Frances Messano wants her organization to nurture promising, diverse talent within school districts — and within the education companies that serve them.

Messano is in her first year as president of NewSchools Venture Fund,  a nonprofit venture philanthropy that accepts charitable donations and invests the money into schools, organizations, and private education companies.

NewSchools focuses its investments on early-stage companies, and provides them with guidance and support. Helping underserved communities is a core tenet of its work.

Earlier this year, the organization announced plans to invest $100 million in four investment areas that promote diversity, equity, and inclusion in schools and among entrepreneurs.

Those four areas are nurturing diverse leaders, which includes supporting Black and Latino educators in school districts; promoting innovative school designs and learning environments; backing learning solutions, or efforts to support early-stage entrepreneurs; and supporting racial equity through investments that fall outside the other three priorities.
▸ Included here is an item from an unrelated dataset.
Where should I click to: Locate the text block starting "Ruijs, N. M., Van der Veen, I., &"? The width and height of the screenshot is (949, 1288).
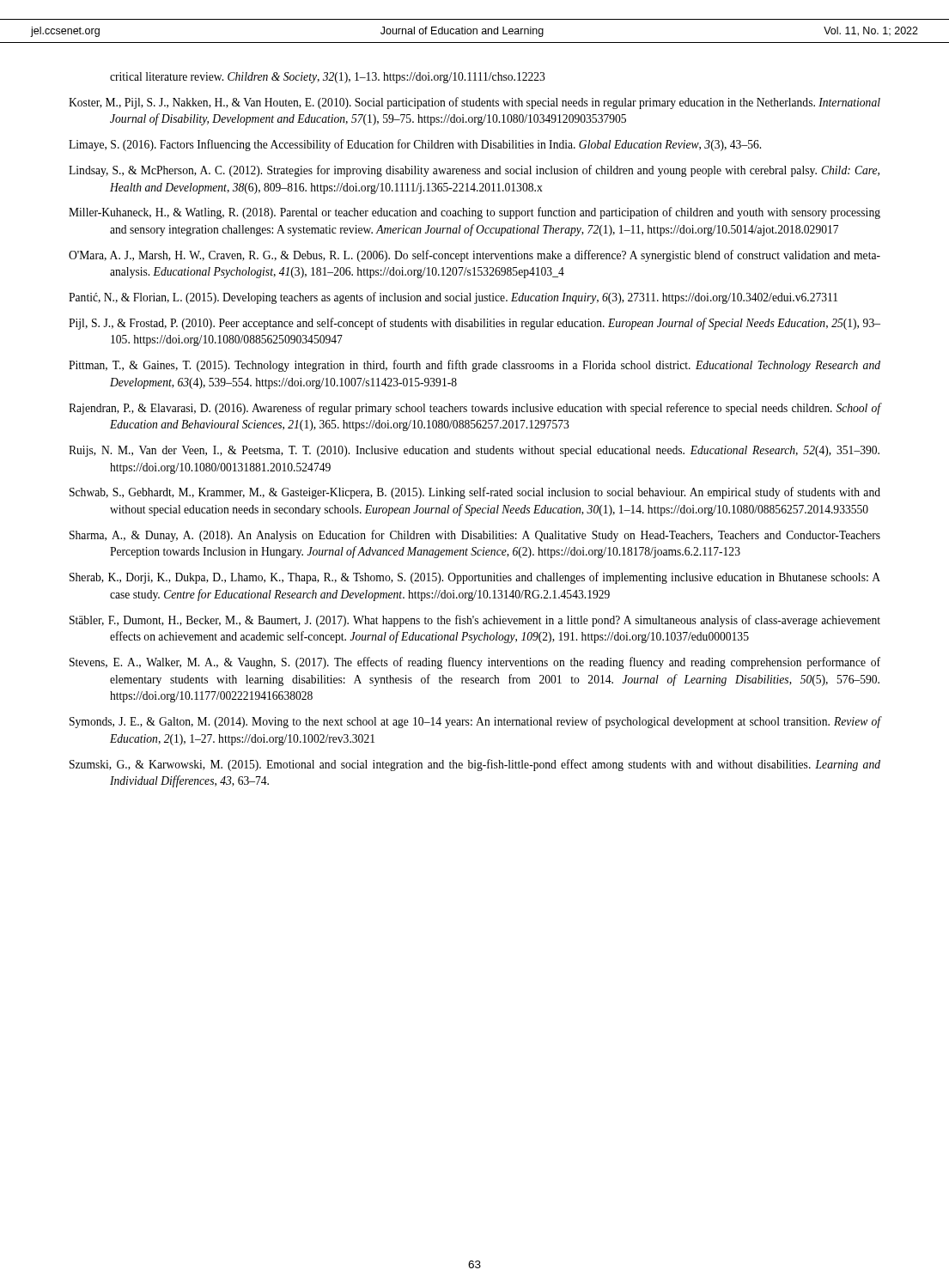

NewSchools unveiled those four focus areas in January, at the same time the organization announced the appointment of Messano as president. It was a newly created position in which she works with CEO Stacey Childress and guides all the organization’s investment areas.

Even before she took on her new role, Messano has taken a strong interest in the struggles of minority entrepreneurs to secure venture capital. She authored a report for NewSchools on the topic two years ago, and says it will be a priority for the organization.

EdWeek Market Brief Managing Editor Sean Cavanagh spoke recently with Messano about how her organization is trying to foster diversity within the industry through its investments, and what it will take to make progress across the broader K-12 market.

What was the overall thinking behind NewSchools Venture Fund’s plan to invest $100 million in these four investment areas?

Our new approach allows us to go deep on on work supporting diverse innovators with vision and skills, with new momentum, while erasing boundaries and focusing throughout our investments on the vital question of who leads the work. Some of the investment areas of focus you’ll recognize—innovative public schools and diverse leaders will continue to be central to our work.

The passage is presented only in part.